Наблюдавший за торгом Дукака, сотник у черных хазар, не стал искушать свое счастье, назвал тройную цену и вонзил меч перед Золотой Косой.
– Моя!
– Что шумишь? – сказал хитроумный купец Фарнак. – Давай деньги, забирай товар.
Дукака послал своего сына, и тот принес деньги, три волчьих шубы и всю дорогую посуду, какая нашлась в доме. Оказалось – мало. Над карахазаром стали смеяться алхазары. И Дукака сам пошел домой. Привел трех дочерей, юных и нежных.
– Довольно будет с тебя? – спросил Фарнака.
Фарнак подумал и вернул Дукаке одну шубу.
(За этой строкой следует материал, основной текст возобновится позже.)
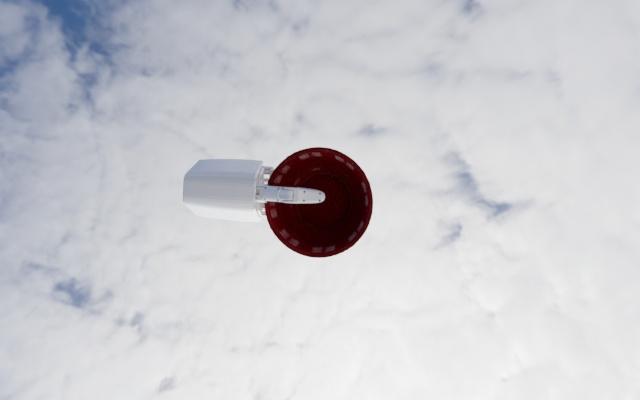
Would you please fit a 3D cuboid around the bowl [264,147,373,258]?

Продавать родных детей у черных хазар – за обычай, но чтоб разорить дом и семью ради рабыни – то было диво. Но Дукака не горевал:
– Мой дом – шатер. Жены родят девок, овцы родят ягнят, меч добудет казну.
Накинул на плечи Золотой Косы волчью шубу и увел с торжища. А конца ему не было.
На другой день пригнали полон печенеги: угров, болгар, но более всего полян, древлян, угличей, волынян…
Продавали дикарски. Хватали рабынь за груди:
– Во какие!
Раздвигали лапами влагалища:
– Кому – маленькая? Кому – большая?
Навзрыд расплакался Баян. Ведь так же вот ругались над его матушкой. Ведь над всем славянским именем ругаются.
– Догода! – шепнул Баян старому витязю. – Догода! Кто же защитит славян от волков? Сварог, где ты! Порази наших врагов! Защити землю матушки моей!
Ночью сон не шел. Баян вспомнил огромные глаза Спаса в Ольгиной церкви. Взмолился:
– Бог! Помоги славянам! Помоги Русской земле!
Голова без сна уж такая тяжелая – шея не держит, но заснуть не дает тупая, безнадежная мысль: «С какой стороны? Когда явится спаситель Русской земли?»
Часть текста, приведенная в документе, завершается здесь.